Thanks, I'll give it a go.

Also as part of the inserts I get some ID values using another select for example

PHP:

      chanProgvaluesTuple = (channelID,self.GetProgId(row["PROGTITLE"]),self.GetEpId(row["SUBTITLE"],row["EPISODE"]),
                    row["REPEAT"],row["NEWSERIES"],row["PREMIERE"],row["CHOICE"],
                    row["SUBTITLES"],row["DEAFSIGNED"],self.FormatDate(row["DATE"]),
                    row["STARTTIME"],row["ENDTIME"],row["DURATION"])

The GetProgId and GetEpId are two select queries, is this a good way of getting the id's to link between tables?
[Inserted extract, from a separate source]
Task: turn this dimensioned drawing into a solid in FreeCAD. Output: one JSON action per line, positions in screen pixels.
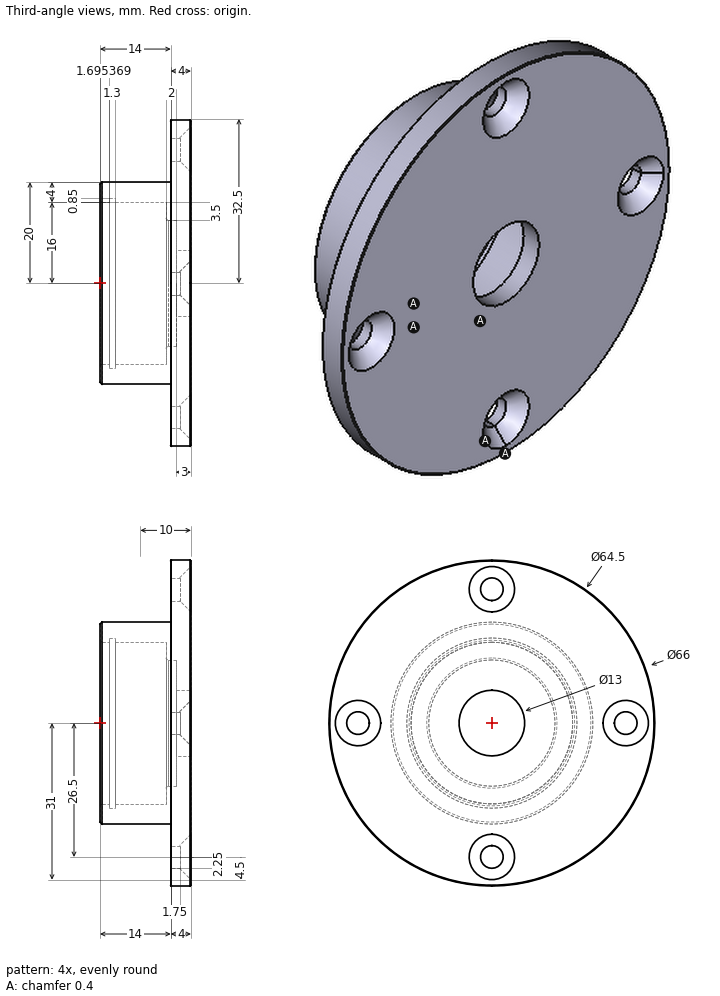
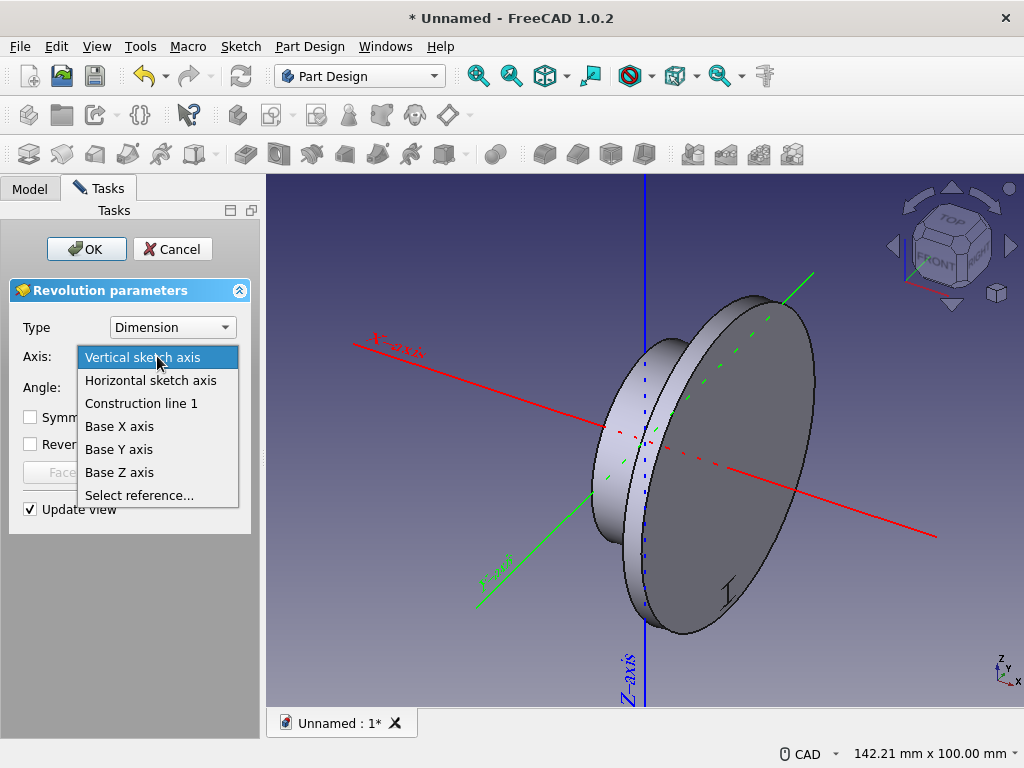
{"action": "left_click", "coordinate": [156, 404]}

PaulStat · 27 Oct 2010 at 06:44

perhaps there's something I'm not understanding, but when I'm inserting into the channelprogramme table for example I have 3 foreign keys CHANNELID, PROGRAMMEID + EPISODEID

Now I know the CHANNELID already so that's fine, but by the time I come around to inserting to the CHANNELPROGRAMME table the relevant programme and episode already exist in PROGRAMME and EPISODE tables, so to make sure I'm referencing the correct ones I use a select to get their ID's.

As far as checking for duplication go's. Say the database is empty, fine I don't have to check for any duplicates, it populates the programme, episode and channelprogramme tables without any problems. The next day I want to update the database with the next lot of programmes. The channelprogramme table is emptied as this represents every programme that is on every channel over a two week period so it can contain repeats etc. , the programme and episode tables however should have unique entries. So for example the programme table could have a progId of one which represents CSI: NY. That can only occur once. The episode table could have an epId of 1, a progId of 1 and an episode title of "1/24 series 1", that can only occur once.

So when I'm scanning through each entry I need to know whether or not an instance for that programme and that episode already exist, if not insert. That's why I'm doing inserts in that scenario. Is this not the way it should be done? If not what should I be doing?

PaulStat · 27 Oct 2010 at 08:42

^ Ok I think I understand what you're saying. The TEMP_IMPORT table contains all the data in a table that isn't normalised.

And then I

"3. Process/Validate the TEMP_IMPORT table using set based processing or embedded procedures."

I'm not sure I understand how to get data from one table and populate the normalised tables correctly though?